* **Input**:
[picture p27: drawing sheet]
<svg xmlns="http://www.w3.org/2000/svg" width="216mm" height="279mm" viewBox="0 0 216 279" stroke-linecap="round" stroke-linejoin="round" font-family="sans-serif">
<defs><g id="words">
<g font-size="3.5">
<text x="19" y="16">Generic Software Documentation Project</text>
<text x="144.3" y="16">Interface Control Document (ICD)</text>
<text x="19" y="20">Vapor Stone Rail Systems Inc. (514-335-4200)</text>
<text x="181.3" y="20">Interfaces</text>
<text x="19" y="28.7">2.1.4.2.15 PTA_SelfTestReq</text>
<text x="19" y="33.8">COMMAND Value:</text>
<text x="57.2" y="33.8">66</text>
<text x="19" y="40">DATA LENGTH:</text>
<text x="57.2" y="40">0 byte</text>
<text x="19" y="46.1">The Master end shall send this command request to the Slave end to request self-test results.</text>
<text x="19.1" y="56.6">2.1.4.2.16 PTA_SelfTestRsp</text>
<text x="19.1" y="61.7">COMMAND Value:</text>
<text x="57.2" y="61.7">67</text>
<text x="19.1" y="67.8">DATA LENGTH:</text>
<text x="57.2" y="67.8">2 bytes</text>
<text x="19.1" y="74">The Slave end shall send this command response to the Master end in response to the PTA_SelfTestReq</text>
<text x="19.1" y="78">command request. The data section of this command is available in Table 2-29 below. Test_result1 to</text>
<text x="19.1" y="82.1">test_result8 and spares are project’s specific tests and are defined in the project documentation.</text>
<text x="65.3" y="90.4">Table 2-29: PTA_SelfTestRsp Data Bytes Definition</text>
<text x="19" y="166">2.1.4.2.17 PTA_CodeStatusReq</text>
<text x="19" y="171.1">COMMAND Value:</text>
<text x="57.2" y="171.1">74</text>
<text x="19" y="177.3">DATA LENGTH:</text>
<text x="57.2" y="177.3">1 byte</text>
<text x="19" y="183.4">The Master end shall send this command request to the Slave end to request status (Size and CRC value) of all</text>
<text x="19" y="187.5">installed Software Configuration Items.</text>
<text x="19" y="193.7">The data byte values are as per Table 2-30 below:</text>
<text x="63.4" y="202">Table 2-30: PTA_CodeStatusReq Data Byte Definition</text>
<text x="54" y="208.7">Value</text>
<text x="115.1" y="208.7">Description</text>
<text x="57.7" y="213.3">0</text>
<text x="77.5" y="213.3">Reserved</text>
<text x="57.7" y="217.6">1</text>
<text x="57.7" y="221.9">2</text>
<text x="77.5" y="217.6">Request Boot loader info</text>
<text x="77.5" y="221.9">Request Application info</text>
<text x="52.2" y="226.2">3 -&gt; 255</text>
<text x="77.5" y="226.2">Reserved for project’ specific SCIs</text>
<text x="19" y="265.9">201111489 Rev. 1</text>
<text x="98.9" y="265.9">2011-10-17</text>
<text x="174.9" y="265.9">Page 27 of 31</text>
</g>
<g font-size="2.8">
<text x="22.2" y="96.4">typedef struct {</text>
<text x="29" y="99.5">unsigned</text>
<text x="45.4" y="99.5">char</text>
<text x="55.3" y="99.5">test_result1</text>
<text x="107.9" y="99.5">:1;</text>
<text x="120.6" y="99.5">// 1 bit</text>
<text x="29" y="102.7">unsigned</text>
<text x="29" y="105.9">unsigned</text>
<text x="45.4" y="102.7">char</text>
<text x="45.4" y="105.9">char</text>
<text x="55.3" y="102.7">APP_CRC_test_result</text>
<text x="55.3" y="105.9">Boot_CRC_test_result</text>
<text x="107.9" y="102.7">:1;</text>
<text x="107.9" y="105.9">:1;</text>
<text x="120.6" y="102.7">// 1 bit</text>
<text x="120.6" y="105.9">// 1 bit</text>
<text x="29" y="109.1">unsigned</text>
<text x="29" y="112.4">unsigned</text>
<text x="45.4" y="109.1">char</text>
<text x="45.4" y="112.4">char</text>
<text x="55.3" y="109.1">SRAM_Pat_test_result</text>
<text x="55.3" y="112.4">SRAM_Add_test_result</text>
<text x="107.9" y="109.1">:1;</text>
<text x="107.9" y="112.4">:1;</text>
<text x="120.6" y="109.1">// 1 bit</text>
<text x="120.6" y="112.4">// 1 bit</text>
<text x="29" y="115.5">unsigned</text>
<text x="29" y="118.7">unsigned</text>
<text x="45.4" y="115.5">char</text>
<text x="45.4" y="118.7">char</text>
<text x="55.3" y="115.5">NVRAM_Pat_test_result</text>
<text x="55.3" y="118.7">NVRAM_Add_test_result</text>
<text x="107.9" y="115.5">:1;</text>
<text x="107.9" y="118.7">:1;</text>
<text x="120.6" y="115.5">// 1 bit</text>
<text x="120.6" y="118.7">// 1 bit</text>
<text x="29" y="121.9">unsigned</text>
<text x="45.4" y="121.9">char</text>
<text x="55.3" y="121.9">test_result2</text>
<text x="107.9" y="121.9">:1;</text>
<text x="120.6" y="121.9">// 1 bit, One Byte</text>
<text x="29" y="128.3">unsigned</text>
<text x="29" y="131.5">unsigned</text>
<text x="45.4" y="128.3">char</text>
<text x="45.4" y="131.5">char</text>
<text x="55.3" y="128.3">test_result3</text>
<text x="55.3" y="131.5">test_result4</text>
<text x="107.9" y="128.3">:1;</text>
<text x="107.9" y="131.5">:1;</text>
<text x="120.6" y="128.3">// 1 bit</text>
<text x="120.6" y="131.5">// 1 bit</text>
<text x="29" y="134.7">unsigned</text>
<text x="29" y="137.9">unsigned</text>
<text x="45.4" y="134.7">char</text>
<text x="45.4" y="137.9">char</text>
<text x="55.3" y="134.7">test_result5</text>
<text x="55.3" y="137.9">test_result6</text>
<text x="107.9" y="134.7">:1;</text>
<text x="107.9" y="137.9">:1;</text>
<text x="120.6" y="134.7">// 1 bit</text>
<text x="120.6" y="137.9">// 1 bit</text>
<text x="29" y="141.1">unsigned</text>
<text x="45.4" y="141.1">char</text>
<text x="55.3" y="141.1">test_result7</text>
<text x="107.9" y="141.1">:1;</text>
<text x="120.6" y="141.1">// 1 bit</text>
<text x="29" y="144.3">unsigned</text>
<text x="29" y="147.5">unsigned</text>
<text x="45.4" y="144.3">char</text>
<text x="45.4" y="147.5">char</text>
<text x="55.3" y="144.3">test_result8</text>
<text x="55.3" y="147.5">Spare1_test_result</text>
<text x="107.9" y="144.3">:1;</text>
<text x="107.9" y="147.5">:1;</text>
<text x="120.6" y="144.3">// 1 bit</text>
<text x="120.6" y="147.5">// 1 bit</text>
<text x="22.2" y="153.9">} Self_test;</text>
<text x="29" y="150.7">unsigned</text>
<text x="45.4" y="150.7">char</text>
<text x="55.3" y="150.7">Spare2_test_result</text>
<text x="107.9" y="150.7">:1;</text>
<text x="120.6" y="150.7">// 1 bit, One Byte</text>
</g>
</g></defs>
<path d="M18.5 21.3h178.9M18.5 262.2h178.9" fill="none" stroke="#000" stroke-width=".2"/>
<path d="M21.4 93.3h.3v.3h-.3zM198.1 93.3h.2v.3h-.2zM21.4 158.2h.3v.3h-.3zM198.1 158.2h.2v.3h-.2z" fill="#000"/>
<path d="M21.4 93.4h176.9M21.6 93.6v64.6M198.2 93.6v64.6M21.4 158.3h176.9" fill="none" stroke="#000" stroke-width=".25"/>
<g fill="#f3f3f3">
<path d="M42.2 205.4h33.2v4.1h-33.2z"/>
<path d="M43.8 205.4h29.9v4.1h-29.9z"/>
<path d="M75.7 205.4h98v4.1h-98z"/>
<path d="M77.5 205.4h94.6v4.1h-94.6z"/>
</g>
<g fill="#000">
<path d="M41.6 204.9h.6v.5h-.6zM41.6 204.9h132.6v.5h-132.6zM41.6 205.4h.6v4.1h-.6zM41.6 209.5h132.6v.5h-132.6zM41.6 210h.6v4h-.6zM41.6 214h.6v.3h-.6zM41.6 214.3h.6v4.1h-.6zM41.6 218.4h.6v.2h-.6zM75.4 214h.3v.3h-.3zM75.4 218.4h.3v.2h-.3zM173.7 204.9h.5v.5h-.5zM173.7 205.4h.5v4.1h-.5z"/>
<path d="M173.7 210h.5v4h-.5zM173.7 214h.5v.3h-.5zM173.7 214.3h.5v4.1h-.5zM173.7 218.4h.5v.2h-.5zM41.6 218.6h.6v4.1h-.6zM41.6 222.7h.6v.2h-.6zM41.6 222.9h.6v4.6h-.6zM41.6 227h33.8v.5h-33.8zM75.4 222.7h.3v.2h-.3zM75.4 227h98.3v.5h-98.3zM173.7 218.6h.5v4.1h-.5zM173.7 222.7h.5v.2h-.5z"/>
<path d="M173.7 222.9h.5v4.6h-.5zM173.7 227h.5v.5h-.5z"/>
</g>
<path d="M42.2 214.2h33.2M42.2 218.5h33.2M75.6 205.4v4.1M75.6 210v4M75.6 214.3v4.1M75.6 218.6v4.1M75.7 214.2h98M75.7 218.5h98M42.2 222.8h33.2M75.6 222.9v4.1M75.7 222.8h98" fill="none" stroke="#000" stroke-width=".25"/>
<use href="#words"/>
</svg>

* **Try it**: Copy each line above that has the word "Master".

* **Answer for this exercise**:
<text x="19" y="46.1">The Master end shall send this command request to the Slave end to request self-test results.</text>
<text x="19.1" y="74">The Slave end shall send this command response to the Master end in response to the PTA_SelfTestReq</text>
<text x="19" y="183.4">The Master end shall send this command request to the Slave end to request status (Size and CRC value) of all</text>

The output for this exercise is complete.